Mostly just the cost, yeah. It will be like buying a car. The economics will have to make sense for regular people, while it starts popping up in tons of places and become a status symbol.
Digital computers existed for ~10-20 years before hitting the consumer market. It took almost a half-century for the microprocessor to become a ubiquitous appliance.
We’re already seeing huge progress in humanoids coming from china. The big problem is software and world understanding, but the data collection from today’s humanoids and the rush to capitalize on their potential now that manufacturing their form is largely solved (save for hands) will see these problems overcome.
I expect it will be common to see them make deliveries in five years. Regular people don’t have to buy them for them to see widespread use.
So, after they work out all the mechanical kinks (there are quite a few!), and after they work out all the software issues (again, many of them), the last problem is the biggest: production. Anyone can make a half dozen robots by hand. A hundred thousand is a completely different challenge. If they can't be made efficiently, their cost makes them more of a toy than a tool.
I can buy China doing it, but not Tesla. They have a terrible track record of production, nothing even close to China's capability. In the past they've "developed" factories by taking huge government incentives and then basically doing nothing with them and pocketing the cash.

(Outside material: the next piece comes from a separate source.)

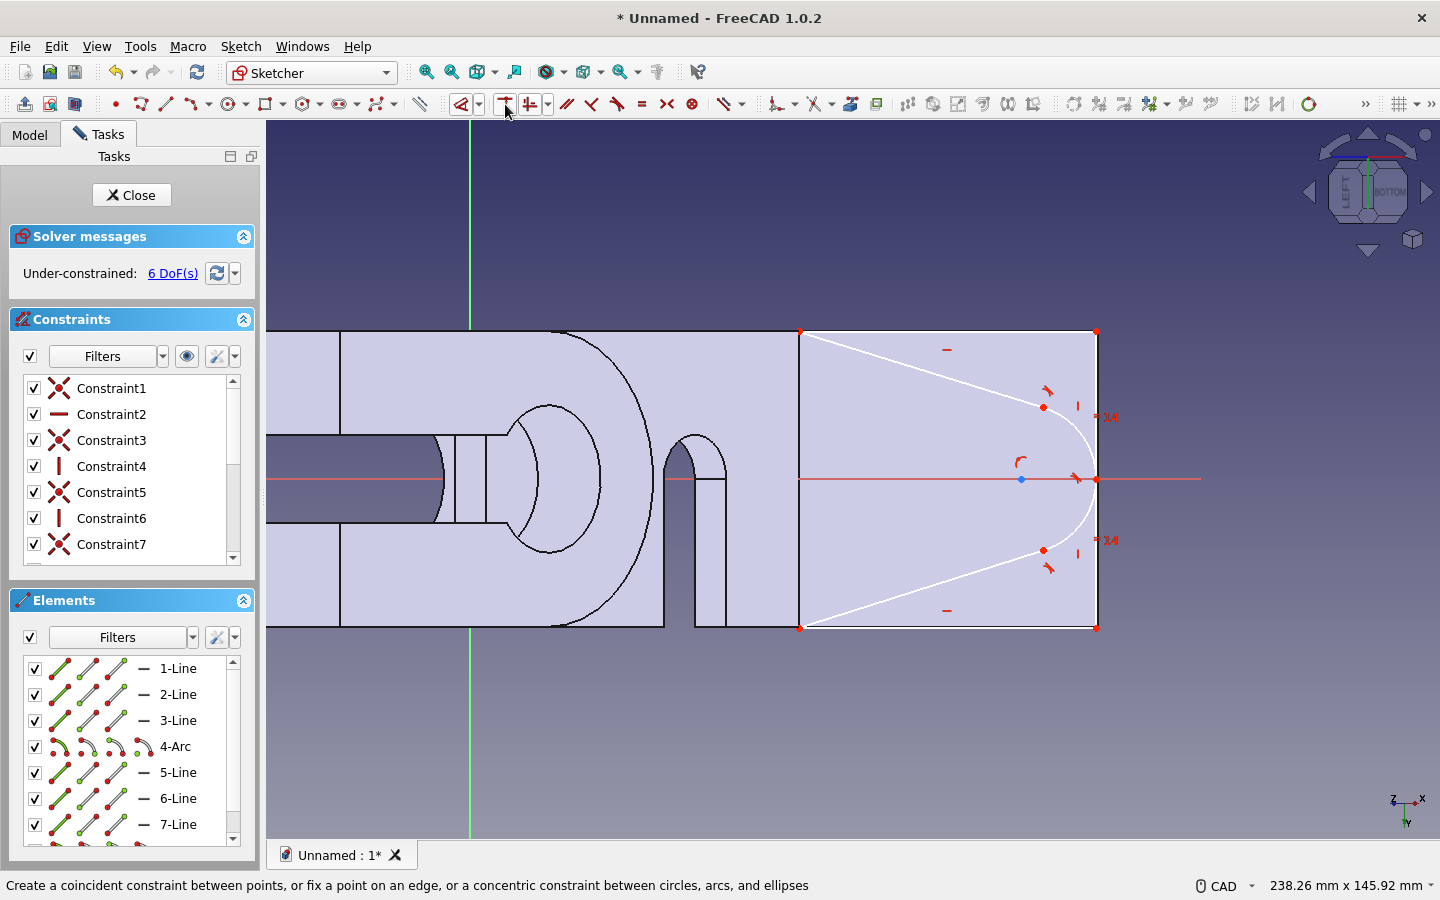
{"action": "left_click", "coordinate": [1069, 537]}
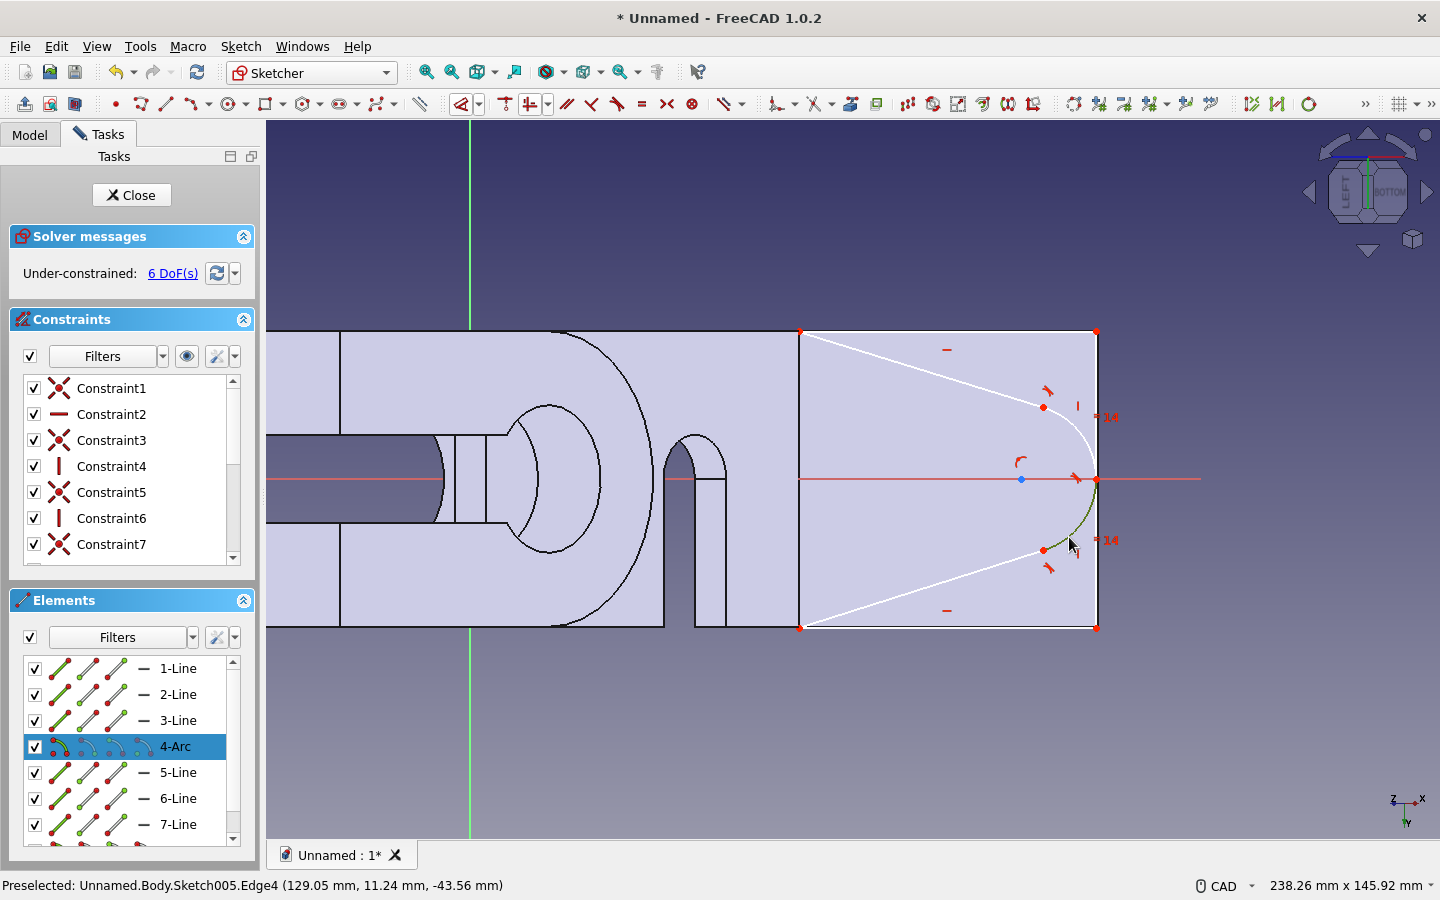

Deliveries use hands because humans have hands, not because hands are a prerequisite for deliveries. Last mile is already “solved” with the little robots that drive around cities, no need for hands. Humans are useful because of our brains, because we can adapt to almost any situation for very little cost. Humanoid robots will remain a novelty until the cost is reduced far beyond what is plausible.
How do we define common? I’ll bet that in 5 years, the average person, even in somewhere like SF, will not see a humanoid robot during their every day life.
The bipedal robot thing is interesting, but there's only two places their cost makes sense: industry and war. After war makes them cheap to mass-produce (because an army of robots needs to be sustainable), then they'll be affordable. But they'll still be highly regulated, mostly as a political reaction to "losing jobs". It will probably take 30+ years for us to get to that point, because wars big enough to invest that much expense and manpower aren't common.
Chinese Unitree already makes humanoids for $5K. Cheap enough for average american family to afford if it's useful. Several batteries and automatic replacement station will make it run 24/7 non-stop.
So, it terms of cheap capable hardware we are close. The problem is software and computing power.
That is interesting, but it looks like the ones used for practical work are $30k. Still, they're targeting 20k units this year, which is a lot more production and a lower price than I imagined they'd be at by now.
I remember a certain public personality who is very big on bipedal humanoid robots these days also promising us that we'd have truly autonomous self driving cars from his company by 2022, or 2023. It's now 2026.
We can debate the meaning of “truly autonomous”, but the Tesla-owning friends and acquaintances of mine have all, without any uncertainty, recently commented to me that the top-tier self-driving plan in the modern Teslas is just that.
One frequently uses it to drive from his house in LA to San Jose, another from Philly to Boston, another from Kamloops to Vancouver (Canada). I personally have never experienced it, but I trust their word and experiences enough to believe that it is at an extremely high level of capability.
Highway driving is a bit different from complex city conditions. Just look at the difference between the telsa robotaxi performance vs Waymo. Only one of them is truly FSD.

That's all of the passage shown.